| Required work |
Copy every line of the entries that includes the word "Image".

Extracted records
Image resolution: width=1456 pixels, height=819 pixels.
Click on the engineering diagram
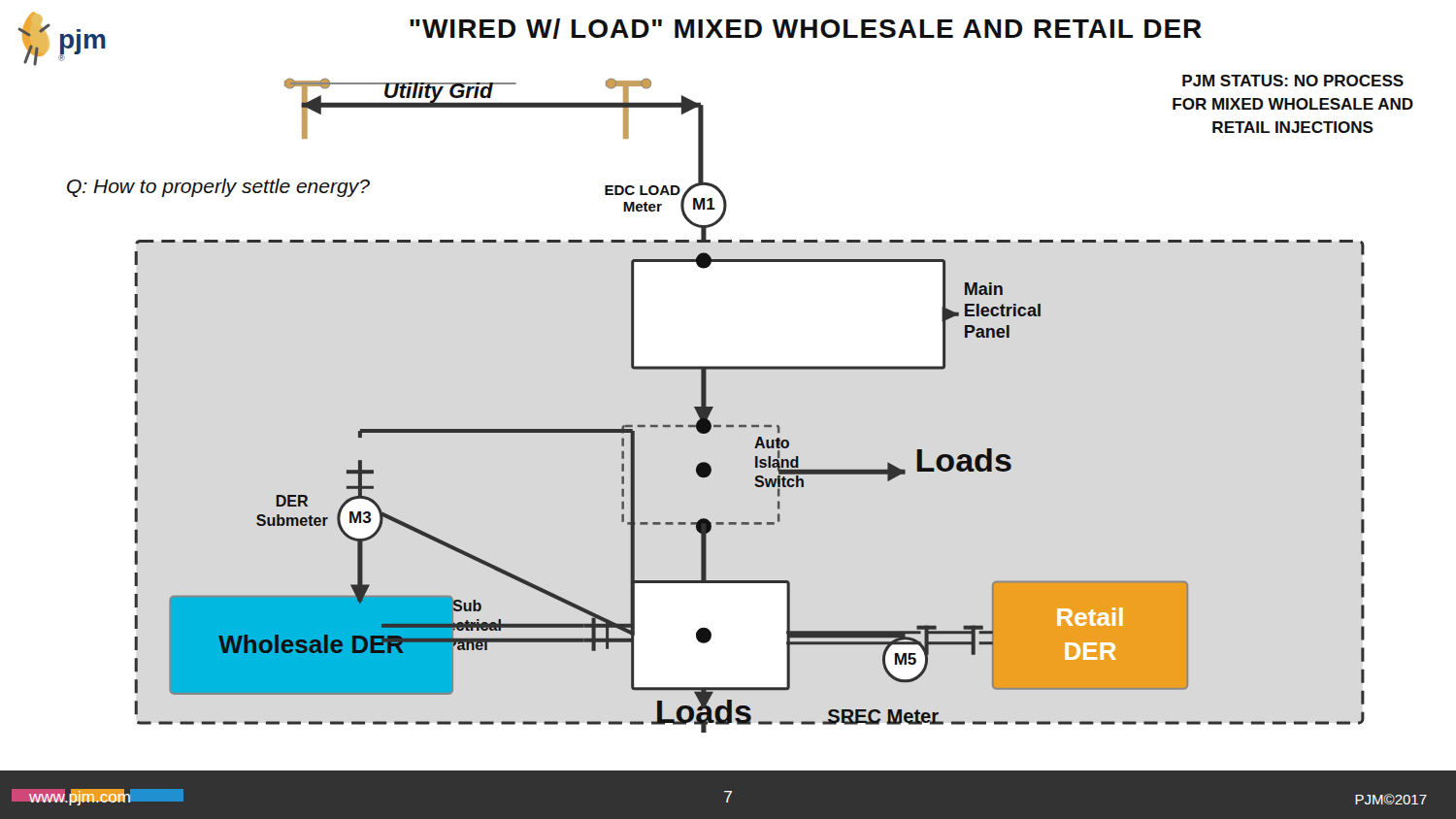[x=735, y=397]
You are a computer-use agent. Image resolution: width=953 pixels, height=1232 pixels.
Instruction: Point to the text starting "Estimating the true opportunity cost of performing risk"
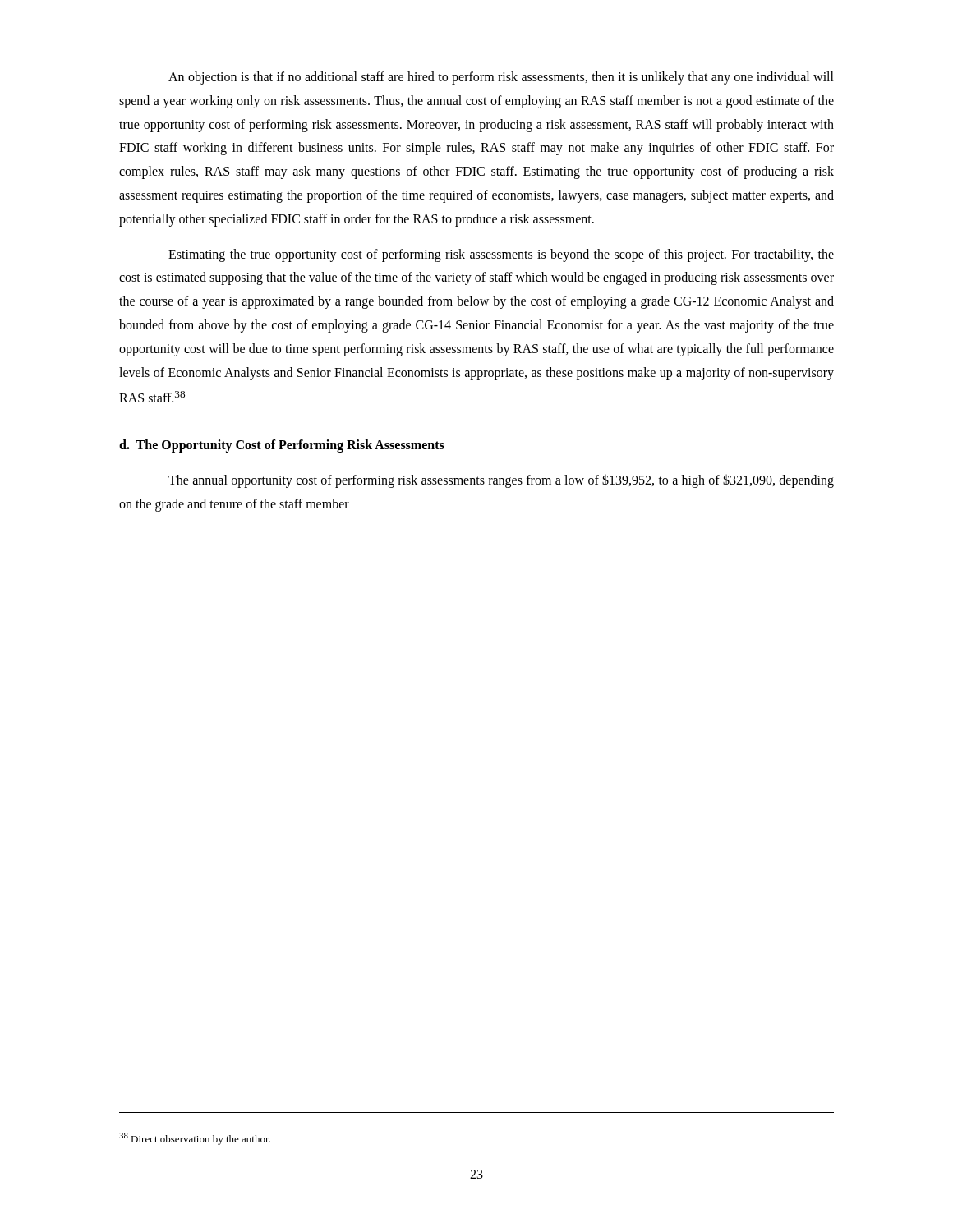pyautogui.click(x=476, y=327)
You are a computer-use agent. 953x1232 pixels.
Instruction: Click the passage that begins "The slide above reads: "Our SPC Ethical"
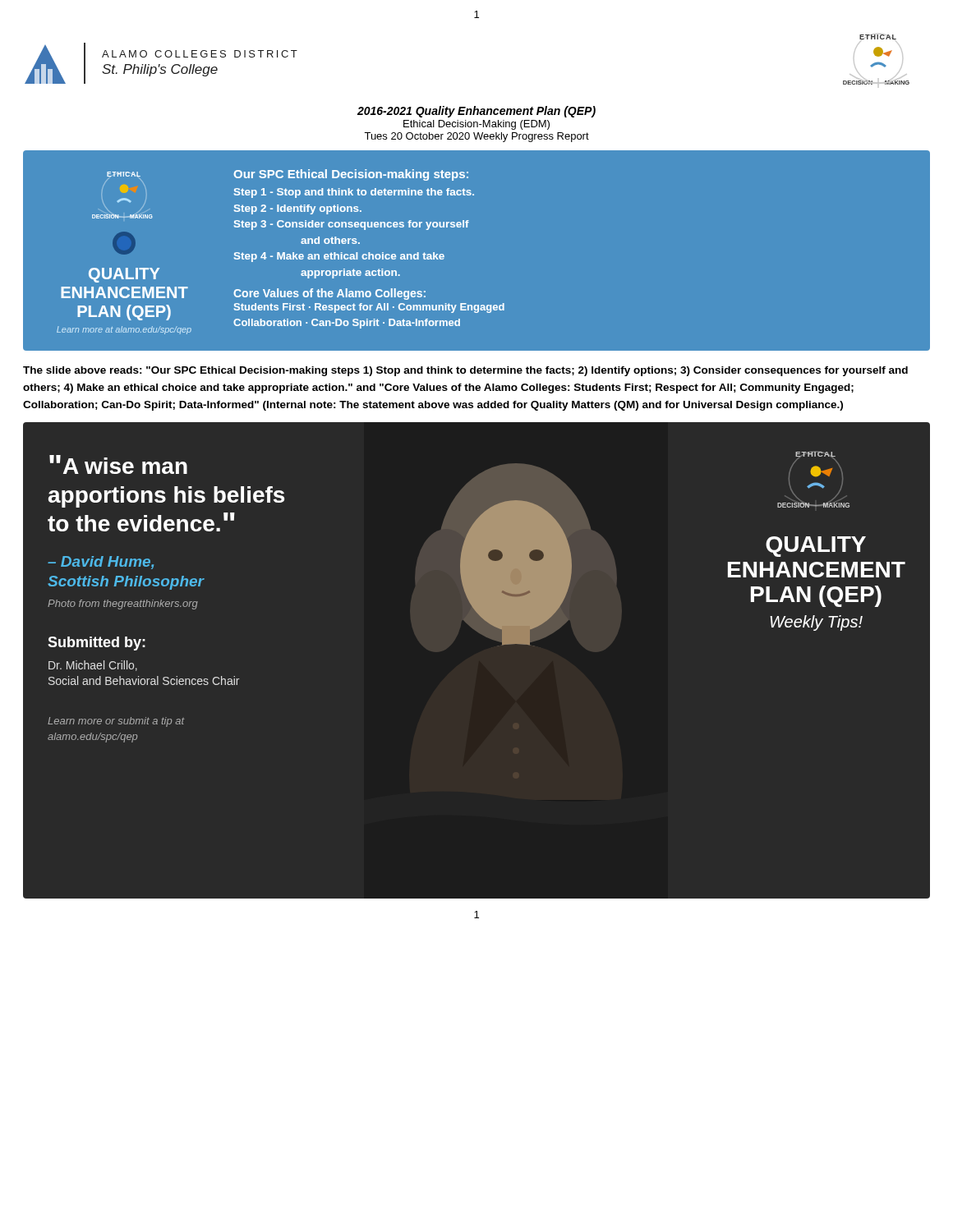point(466,387)

| Answer area |
Image resolution: width=1456 pixels, height=819 pixels.
You are a computer-use agent. Image resolution: width=953 pixels, height=1232 pixels.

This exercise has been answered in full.